Daily Wealth Insider

Nasdaq Leads Market Slump; Moderna, M&A Record and Elon Musk – Five Things You Must Know

Here are five things you must know for Monday, December 20:

1. — Stock Futures Slump, With Tech Hit Hard, As Omicron Surges

U.S. equity futures slumped lower Monday, with tech stocks leading to the downside with heavy declines, as investors withdrew from risk markets amid a surge in global Omicron infections and lingering concerns of the impact of rising inflation.

In Europe, where the variant appears to be accelerating fastest, new restrictions on travel are being imposed by France and Germany, while the Netherlands issued fresh lockdown orders Sunday that could be picked up by neighboring countries over the coming days.

In the U.S., outbreaks in New York have triggered new warnings on indoor gatherings, with the cancellation of several Broadway shows, while sports teams around the nation were hit by multiple infections, game delays and restrictions on out-of-country travel.

U.S. markets may also feel the impact of Democratic Senator Joe Manchin’s decision to withdraw support for President Joe Biden’s ‘Build Back Better’ program, a move that likely puts the $1.75 trillion stimulus bill in serious, if not fatal jeopardy.

Curiously, even as concerns for faster inflation and higher interest rates continue to pound tech stocks, Treasury bond yields were marked notably lower in overnight trading as investors look to slower growth prospects linked to the both the Omicron surge and the potential impact of a hawkish Federal Reserve.

Benchmark 10-year note yields traded at 1.39% during European hours, even as the dollar index, which tracks the greenback against a basket of six global currencies, edged 0.05% higher to 96.599.

On Wall Street, futures contracts tied to the Dow Jones Industrial Average are indicating a 380 point opening bell decline, while those linked to the S&P 500 are priced for a 57 point slide.

The Nasdaq Composite, however, looks set for a 250 opening bell slump that will extend last week’s combined loss of around 3%, pegging the tech-focused benchmark some 8.4% from the all-time high it reached on November 22.

2. — Moderna Says Booster Shot Induces Antibody Response to Omicron

Moderna shares surged higher in pre-market trading after the drugmaker said booster shots of its coronavirus vaccine induced a big jump in antibodes that can fight against the Omicron variant.

Moderna said its mRNA-1273 vaccine can offer a ‘first line of defense’ against the rapidly-accelerating variant, which the World Health Organization has identified in 89 countries, noting that a 50 microgram booster given to those with two prior shots increased neutralizing antibodies against Omicron by 37 times, whereas an 100 micogram dose induced a reaction that was 80 times greater.

Moderna shares were marked 5.5% higher in pre-market trading to indicate an opening bell price of $310.80 each.

3. — Disney, Google, Reach Deal To End YouTube Channel Spat

Walt Disney and Alphabet reached a deal over the weekend the returned the entertainment group’s sports and movie channels to YouTubeTV following a dispute over carriage fees.

YouTube, which offers a selection of streaming channels for around $65 a month, dropped Disney offerings last week as the two groups sparred over financial terms, with viewers losing access to ESPN and FX for around two days. Both channels were restored Sunday, YouTube said, while Disney expressed appreciation for “Google’s collaboration to reach fair terms that are consistent with the market.”

Disney shares were marked 1.5% lower in pre-market trading to indicate an opening bell price of $146.50 each. Google shares, meanwhile, were down 1.2% at $2,800.44 each.

4. — Global M&A Tops $5 Trillion, Hits Record High

Global merger deals topped $5 trillion for the first time on record this year, an all-time high powered in part by SPAC deals, cheap capital and major corporate restructurings.

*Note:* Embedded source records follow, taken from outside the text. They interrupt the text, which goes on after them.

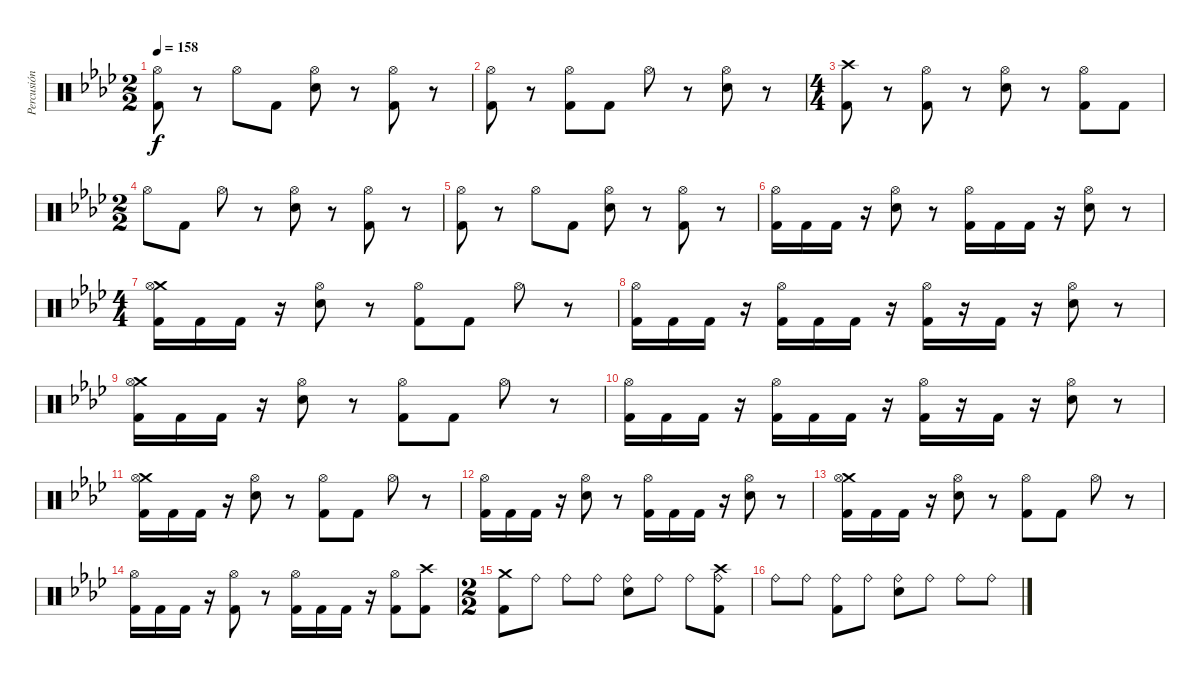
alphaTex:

\track ("Percusión" "Percusión") {instrument percussion}
\staff {score}
\articulation defaults
\ts (2 2)
\tempo 158
\clef neutral
\ks ab
("Hi-Hat (open)" "Kick (hit) 2").8{dy f} r.8 "Hi-Hat (open)".8 "Kick (hit) 2".8 ("Hi-Hat (open)" "Snare (hit) 2").8 r.8 ("Hi-Hat (open)" "Kick (hit) 2").8 r.8 |
("Hi-Hat (open)" "Kick (hit) 2").8 r.8 ("Hi-Hat (open)" "Kick (hit) 2").8 "Kick (hit) 2".8 "Hi-Hat (open)".8 r.8 ("Hi-Hat (open)" "Snare (hit) 2").8 r.8 |
\ts (4 4)
("Crash high (hit)" "Kick (hit) 2").8 r.8 ("Hi-Hat (open)" "Kick (hit) 2").8 r.8 ("Hi-Hat (open)" "Snare (hit) 2").8 r.8 ("Hi-Hat (open)" "Kick (hit) 2").8 "Kick (hit) 2".8 |
\ts (2 2)
"Hi-Hat (open)".8 "Kick (hit) 2".8 "Hi-Hat (open)".8 r.8 ("Hi-Hat (open)" "Snare (hit) 2").8 r.8 ("Hi-Hat (open)" "Kick (hit) 2").8 r.8 |
("Hi-Hat (open)" "Kick (hit) 2").8 r.8 "Hi-Hat (open)".8 "Kick (hit) 2".8 ("Hi-Hat (open)" "Snare (hit) 2").8 r.8 ("Hi-Hat (open)" "Kick (hit) 2").8 r.8 |
("Hi-Hat (open)" "Kick (hit) 2").16 "Kick (hit) 2".16 "Kick (hit) 2".16 r.16 ("Hi-Hat (open)" "Snare (hit) 2").8 r.8 ("Hi-Hat (open)" "Kick (hit) 2").16 "Kick (hit) 2".16 "Kick (hit) 2".16 r.16 ("Hi-Hat (open)" "Snare (hit) 2").8 r.8 |
\ts (4 4)
("Crash medium (hit)" "Hi-Hat (open)" "Kick (hit) 2").16 "Kick (hit) 2".16 "Kick (hit) 2".16 r.16 ("Hi-Hat (open)" "Snare (hit) 2").8 r.8 ("Hi-Hat (open)" "Kick (hit) 2").8 "Kick (hit) 2".8 "Hi-Hat (open)".8 r.8 |
("Hi-Hat (open)" "Kick (hit) 2").16 "Kick (hit) 2".16 "Kick (hit) 2".16 r.16 ("Hi-Hat (open)" "Kick (hit) 2").16 "Kick (hit) 2".16 "Kick (hit) 2".16 r.16 ("Hi-Hat (open)" "Kick (hit) 2").16 r.16 "Kick (hit) 2".16 r.16 ("Hi-Hat (open)" "Snare (hit) 2").8 r.8 |
("Crash medium (hit)" "Hi-Hat (open)" "Kick (hit) 2").16 "Kick (hit) 2".16 "Kick (hit) 2".16 r.16 ("Hi-Hat (open)" "Snare (hit) 2").8 r.8 ("Hi-Hat (open)" "Kick (hit) 2").8 "Kick (hit) 2".8 "Hi-Hat (open)".8 r.8 |
("Hi-Hat (open)" "Kick (hit) 2").16 "Kick (hit) 2".16 "Kick (hit) 2".16 r.16 ("Hi-Hat (open)" "Kick (hit) 2").16 "Kick (hit) 2".16 "Kick (hit) 2".16 r.16 ("Hi-Hat (open)" "Kick (hit) 2").16 r.16 "Kick (hit) 2".16 r.16 ("Hi-Hat (open)" "Snare (hit) 2").8 r.8 |
("Crash medium (hit)" "Hi-Hat (open)" "Kick (hit) 2").16 "Kick (hit) 2".16 "Kick (hit) 2".16 r.16 ("Hi-Hat (open)" "Snare (hit) 2").8 r.8 ("Hi-Hat (open)" "Kick (hit) 2").8 "Kick (hit) 2".8 "Hi-Hat (open)".8 r.8 |
("Hi-Hat (open)" "Kick (hit) 2").16 "Kick (hit) 2".16 "Kick (hit) 2".16 r.16 ("Hi-Hat (open)" "Snare (hit) 2").8 r.8 ("Hi-Hat (open)" "Kick (hit) 2").16 "Kick (hit) 2".16 "Kick (hit) 2".16 r.16 ("Hi-Hat (open)" "Snare (hit) 2").8 r.8 |
("Crash medium (hit)" "Hi-Hat (open)" "Kick (hit) 2").16 "Kick (hit) 2".16 "Kick (hit) 2".16 r.16 ("Hi-Hat (open)" "Snare (hit) 2").8 r.8 ("Hi-Hat (open)" "Kick (hit) 2").8 "Kick (hit) 2".8 "Hi-Hat (open)".8 r.8 |
("Hi-Hat (open)" "Kick (hit) 2").16 "Kick (hit) 2".16 "Kick (hit) 2".16 r.16 ("Hi-Hat (open)" "Kick (hit) 2").8 r.8 ("Hi-Hat (open)" "Kick (hit) 2").16 "Kick (hit) 2".16 "Kick (hit) 2".16 r.16 ("Hi-Hat (open)" "Kick (hit) 2").8 ("Crash high (hit)" "Kick (hit) 2").8 |
\ts (2 2)
("Crash medium (hit)" "Kick (hit) 2").8 "Ride (bell)".8 "Ride (bell)".8 "Ride (bell)".8 ("Ride (bell)" "Snare (hit) 2").8 "Ride (bell)".8 "Ride (bell)".8 ("Crash high (hit)" "Ride (bell)" "Kick (hit) 2").8 |
"Ride (bell)".8 "Ride (bell)".8 ("Ride (bell)" "Kick (hit) 2").8 "Ride (bell)".8 ("Ride (bell)" "Snare (hit) 2").8 "Ride (bell)".8 "Ride (bell)".8 "Ride (bell)".8

Dealogic, which compiles merger and acquisition data, said the value of global deals rose 63% from last year to $5.63 trillion, a fresh all-time high that eclipsed the 2007 record of $4.42 trillion.

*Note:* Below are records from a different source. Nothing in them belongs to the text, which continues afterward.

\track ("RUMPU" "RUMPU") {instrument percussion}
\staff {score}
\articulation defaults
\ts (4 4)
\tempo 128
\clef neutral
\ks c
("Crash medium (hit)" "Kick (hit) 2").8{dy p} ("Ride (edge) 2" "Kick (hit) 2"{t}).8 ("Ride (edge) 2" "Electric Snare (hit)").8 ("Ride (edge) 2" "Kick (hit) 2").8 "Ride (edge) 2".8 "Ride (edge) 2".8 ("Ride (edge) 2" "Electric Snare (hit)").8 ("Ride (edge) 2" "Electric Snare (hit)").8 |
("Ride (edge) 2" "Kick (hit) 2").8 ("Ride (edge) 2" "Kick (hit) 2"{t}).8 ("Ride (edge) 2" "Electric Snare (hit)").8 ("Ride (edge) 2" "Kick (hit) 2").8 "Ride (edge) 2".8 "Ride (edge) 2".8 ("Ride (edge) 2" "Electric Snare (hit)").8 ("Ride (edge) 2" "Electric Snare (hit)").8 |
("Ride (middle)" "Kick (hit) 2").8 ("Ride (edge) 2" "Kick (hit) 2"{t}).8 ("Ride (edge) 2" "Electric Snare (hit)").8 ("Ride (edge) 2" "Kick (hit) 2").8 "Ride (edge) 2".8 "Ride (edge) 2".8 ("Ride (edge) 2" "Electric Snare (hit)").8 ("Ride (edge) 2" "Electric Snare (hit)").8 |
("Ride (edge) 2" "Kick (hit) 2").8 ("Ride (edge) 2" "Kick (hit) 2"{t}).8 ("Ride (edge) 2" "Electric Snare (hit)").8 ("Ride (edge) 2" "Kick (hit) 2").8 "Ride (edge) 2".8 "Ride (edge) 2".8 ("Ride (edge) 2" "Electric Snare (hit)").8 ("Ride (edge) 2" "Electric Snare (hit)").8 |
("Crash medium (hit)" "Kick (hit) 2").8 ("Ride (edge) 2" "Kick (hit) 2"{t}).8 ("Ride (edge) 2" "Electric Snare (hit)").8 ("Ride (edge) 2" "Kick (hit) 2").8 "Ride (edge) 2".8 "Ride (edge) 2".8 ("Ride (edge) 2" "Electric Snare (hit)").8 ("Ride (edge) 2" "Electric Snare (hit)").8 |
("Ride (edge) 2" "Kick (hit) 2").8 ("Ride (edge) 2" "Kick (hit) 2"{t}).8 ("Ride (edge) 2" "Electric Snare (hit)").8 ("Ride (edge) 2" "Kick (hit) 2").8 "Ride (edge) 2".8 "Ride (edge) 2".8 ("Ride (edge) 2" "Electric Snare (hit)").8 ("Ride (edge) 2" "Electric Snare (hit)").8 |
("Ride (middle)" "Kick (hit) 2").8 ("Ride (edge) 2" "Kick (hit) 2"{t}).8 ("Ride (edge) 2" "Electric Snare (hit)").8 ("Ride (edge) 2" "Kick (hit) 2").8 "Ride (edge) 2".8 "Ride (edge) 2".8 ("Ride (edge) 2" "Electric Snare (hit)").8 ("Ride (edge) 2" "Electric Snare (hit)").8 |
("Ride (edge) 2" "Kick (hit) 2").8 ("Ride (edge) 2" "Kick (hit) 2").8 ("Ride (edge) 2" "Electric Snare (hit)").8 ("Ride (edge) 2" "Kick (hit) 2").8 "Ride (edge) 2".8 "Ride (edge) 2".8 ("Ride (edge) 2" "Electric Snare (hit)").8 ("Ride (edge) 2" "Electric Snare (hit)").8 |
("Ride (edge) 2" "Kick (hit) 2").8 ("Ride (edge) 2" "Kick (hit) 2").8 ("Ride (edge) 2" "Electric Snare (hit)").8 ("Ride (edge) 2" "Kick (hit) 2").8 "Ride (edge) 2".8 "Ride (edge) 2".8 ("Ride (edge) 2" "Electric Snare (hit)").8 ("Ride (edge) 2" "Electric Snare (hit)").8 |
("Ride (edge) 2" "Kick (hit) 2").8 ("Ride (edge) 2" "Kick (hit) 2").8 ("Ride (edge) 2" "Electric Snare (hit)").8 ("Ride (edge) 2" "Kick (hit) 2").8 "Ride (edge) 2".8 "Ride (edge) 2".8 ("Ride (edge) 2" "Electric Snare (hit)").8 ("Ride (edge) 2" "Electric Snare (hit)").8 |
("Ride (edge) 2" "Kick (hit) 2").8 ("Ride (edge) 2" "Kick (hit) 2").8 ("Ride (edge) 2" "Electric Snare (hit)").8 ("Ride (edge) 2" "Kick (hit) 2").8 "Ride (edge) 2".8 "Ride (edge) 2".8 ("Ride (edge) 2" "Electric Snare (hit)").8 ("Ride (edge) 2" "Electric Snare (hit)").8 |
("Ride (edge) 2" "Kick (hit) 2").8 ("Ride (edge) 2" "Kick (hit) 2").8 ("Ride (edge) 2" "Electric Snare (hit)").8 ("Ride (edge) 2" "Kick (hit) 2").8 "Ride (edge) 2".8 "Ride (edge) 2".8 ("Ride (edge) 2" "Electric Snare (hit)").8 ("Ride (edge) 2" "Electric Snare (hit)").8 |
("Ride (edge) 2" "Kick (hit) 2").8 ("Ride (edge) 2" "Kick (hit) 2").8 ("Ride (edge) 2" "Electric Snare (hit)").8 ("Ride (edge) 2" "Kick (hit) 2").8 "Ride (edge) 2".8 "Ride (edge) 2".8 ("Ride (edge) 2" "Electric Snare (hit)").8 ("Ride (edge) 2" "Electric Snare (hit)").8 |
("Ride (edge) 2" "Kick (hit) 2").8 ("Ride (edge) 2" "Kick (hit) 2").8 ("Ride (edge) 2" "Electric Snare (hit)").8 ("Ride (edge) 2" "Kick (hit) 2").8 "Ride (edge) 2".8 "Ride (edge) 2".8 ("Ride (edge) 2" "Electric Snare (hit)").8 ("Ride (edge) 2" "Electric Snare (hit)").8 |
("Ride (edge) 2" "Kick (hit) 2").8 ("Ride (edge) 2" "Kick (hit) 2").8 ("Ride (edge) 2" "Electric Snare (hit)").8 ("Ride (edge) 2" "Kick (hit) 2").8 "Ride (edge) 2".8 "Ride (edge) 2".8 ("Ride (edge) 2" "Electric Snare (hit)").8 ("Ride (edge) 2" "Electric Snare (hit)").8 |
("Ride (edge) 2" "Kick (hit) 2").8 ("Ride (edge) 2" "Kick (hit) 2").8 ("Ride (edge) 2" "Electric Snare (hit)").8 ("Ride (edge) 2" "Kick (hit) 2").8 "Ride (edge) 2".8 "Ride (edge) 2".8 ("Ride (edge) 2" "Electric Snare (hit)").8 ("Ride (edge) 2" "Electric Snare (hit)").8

Plans unveiled by General Electric and Johnson & Johnson to split-up their companies played a big role in this year’s record total, as did the surge in deals made with so-called special purpose acquisition companies, or SPACs, lead by Singapore-based Grab’s $4.5 billion merger earlier this month.

5. — Musk Claims His 2021 Tax Bill Will Hit $11 Billion

Tesla’s Elon Musk was back on Twitter discussing his tax burden over the weekend, telling his near 70 million followers that he’s pay Uncle Sam more than $11 billion this year.

Musk, the world’s richest man with an estimated net worth of $300 billion, has sold around $14 billion worth of Tesla shares over the past few weeks — while simultaneously exercising options to buy even more at a cheaper price — in order to generate a tax bill that he claims will be ‘more than any American in history this year’.

Tesla shares were marked 2.3% lower in pre-market trading to indicate an opening bell price of $911.20 each.